▶ TASK OBJECTIVE: Would you return the listing that follows exactly, leaving its pictures behind?
GIVEN MATERIAL: Begin
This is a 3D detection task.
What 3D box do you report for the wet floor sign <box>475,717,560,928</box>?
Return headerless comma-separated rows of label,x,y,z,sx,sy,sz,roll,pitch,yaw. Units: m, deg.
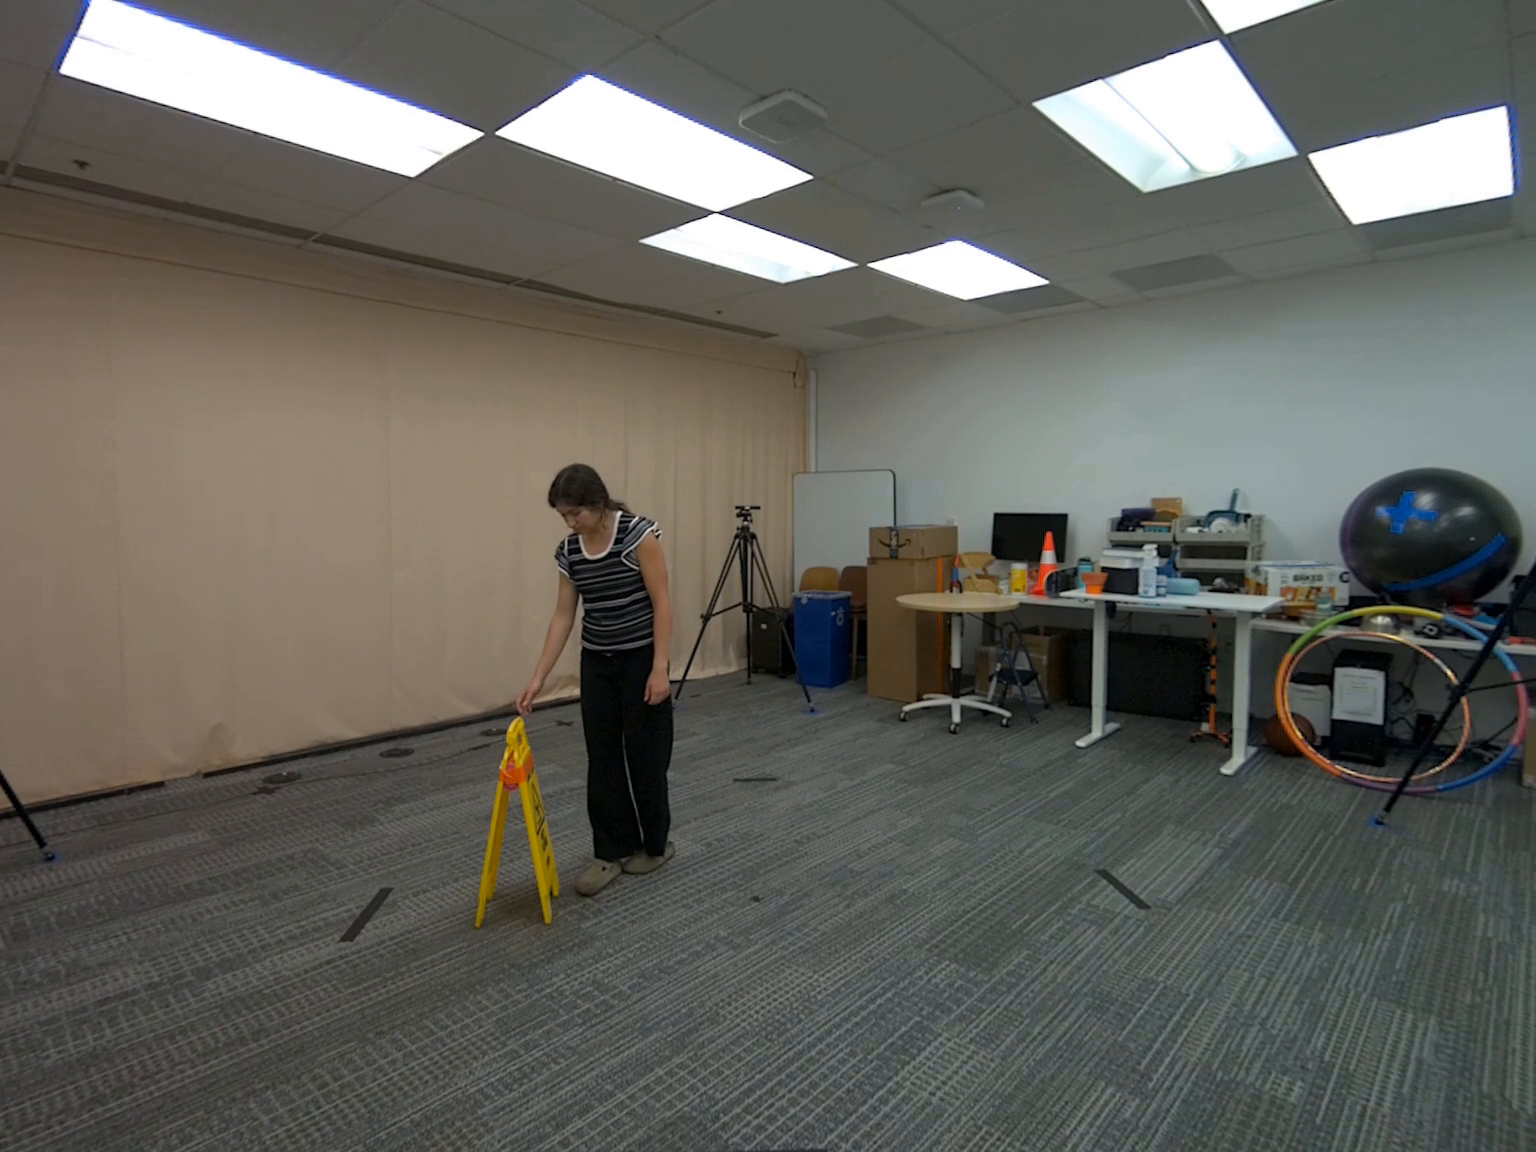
GIVEN MATERIAL: End
▶ TASK RESULT:
This is a 3D detection task.
What 3D box do you report for the wet floor sign <box>475,717,560,928</box>?
Return headerless comma-separated rows of label,x,y,z,sx,sy,sz,roll,pitch,yaw. Units: m, deg.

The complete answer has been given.